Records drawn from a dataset
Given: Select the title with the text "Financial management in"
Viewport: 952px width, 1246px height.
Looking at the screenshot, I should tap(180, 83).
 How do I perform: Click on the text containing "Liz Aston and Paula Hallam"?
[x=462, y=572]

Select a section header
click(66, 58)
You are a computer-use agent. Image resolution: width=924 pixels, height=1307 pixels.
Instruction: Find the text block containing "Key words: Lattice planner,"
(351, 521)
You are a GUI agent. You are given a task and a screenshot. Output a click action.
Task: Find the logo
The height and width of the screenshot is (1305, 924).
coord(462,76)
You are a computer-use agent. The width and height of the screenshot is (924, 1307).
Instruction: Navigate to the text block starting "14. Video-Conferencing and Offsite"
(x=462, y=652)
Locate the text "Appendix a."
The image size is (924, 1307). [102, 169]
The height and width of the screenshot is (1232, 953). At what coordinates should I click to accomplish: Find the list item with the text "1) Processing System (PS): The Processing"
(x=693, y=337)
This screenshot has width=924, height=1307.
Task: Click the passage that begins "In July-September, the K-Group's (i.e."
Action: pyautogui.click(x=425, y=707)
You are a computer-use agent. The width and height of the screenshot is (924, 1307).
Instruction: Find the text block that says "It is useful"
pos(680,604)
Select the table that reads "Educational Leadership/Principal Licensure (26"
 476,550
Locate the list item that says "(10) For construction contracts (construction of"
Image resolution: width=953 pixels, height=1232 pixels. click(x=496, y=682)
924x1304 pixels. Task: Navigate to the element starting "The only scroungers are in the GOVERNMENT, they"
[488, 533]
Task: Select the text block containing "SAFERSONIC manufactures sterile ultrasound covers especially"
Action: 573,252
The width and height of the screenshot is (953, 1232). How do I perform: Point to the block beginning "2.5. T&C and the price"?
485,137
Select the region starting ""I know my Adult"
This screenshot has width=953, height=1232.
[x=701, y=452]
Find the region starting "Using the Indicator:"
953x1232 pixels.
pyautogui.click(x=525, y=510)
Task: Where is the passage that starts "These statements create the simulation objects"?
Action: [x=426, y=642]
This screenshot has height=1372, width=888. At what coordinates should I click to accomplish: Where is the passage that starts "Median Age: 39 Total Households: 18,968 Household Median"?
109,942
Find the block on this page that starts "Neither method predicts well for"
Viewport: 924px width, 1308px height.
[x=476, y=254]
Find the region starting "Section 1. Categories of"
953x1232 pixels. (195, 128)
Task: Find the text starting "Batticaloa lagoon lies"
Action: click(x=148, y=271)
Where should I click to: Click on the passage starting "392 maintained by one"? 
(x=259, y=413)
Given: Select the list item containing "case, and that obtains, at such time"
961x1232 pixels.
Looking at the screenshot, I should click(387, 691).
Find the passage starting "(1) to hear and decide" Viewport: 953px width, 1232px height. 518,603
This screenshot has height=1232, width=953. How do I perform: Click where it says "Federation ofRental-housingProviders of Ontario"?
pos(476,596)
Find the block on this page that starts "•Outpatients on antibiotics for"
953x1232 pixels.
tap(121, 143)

● **EXERCISE GOAL**: Beginning at the line that holds "The width and height of the screenshot is (953, 1232).", copy every line through the end of the entries exactly as given, and only those lines.

● **EXPECTED ANSWER**:
The width and height of the screenshot is (953, 1232). How do I perform: Point to the block beginning "2.5. T&C and the price"?
485,137
Select the region starting ""I know my Adult"
This screenshot has width=953, height=1232.
[x=701, y=452]
Find the region starting "Using the Indicator:"
953x1232 pixels.
pyautogui.click(x=525, y=510)
Task: Where is the passage that starts "These statements create the simulation objects"?
Action: [x=426, y=642]
This screenshot has height=1372, width=888. At what coordinates should I click to accomplish: Where is the passage that starts "Median Age: 39 Total Households: 18,968 Household Median"?
109,942
Find the block on this page that starts "Neither method predicts well for"
Viewport: 924px width, 1308px height.
[x=476, y=254]
Find the region starting "Section 1. Categories of"
953x1232 pixels. (195, 128)
Task: Find the text starting "Batticaloa lagoon lies"
Action: click(x=148, y=271)
Where should I click to: Click on the passage starting "392 maintained by one"? 
(x=259, y=413)
Given: Select the list item containing "case, and that obtains, at such time"
961x1232 pixels.
Looking at the screenshot, I should click(387, 691).
Find the passage starting "(1) to hear and decide" Viewport: 953px width, 1232px height. 518,603
This screenshot has height=1232, width=953. How do I perform: Click where it says "Federation ofRental-housingProviders of Ontario"?
pos(476,596)
Find the block on this page that starts "•Outpatients on antibiotics for"
953x1232 pixels.
tap(121, 143)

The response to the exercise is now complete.